**Prompt**
With both ends included, repeat exactly the lines of the entries below from the one containing "(Quest for characters level 2 and above.)" down to the one containing "</body></html></code>", and no others.

**Records for the exercise**
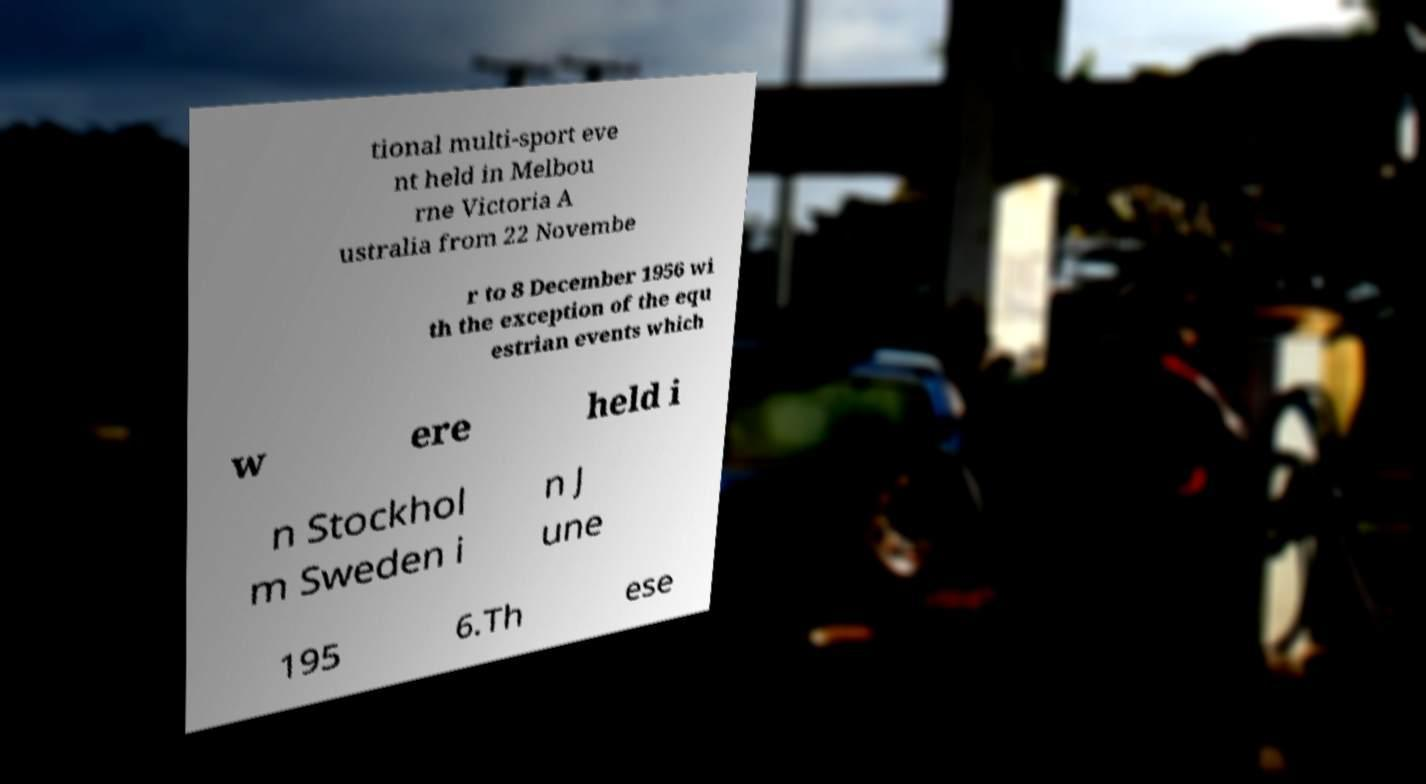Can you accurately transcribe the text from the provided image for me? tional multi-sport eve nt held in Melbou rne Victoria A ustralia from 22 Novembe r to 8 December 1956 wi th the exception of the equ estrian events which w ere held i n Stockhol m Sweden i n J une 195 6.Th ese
--
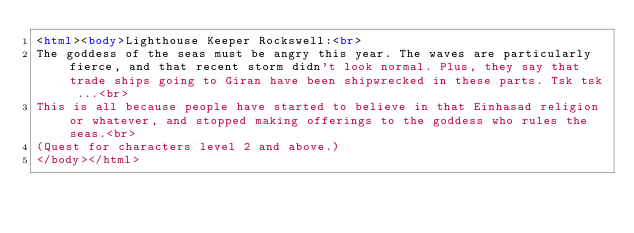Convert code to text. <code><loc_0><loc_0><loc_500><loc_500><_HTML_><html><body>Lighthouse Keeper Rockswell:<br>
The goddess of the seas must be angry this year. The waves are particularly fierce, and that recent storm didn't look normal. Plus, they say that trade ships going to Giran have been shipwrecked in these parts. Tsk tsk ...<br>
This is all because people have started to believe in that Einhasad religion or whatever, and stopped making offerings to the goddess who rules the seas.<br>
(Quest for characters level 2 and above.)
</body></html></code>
...
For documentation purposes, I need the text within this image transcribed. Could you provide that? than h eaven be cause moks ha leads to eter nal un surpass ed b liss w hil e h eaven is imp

**Response to the exercise**
(Quest for characters level 2 and above.)
</body></html></code>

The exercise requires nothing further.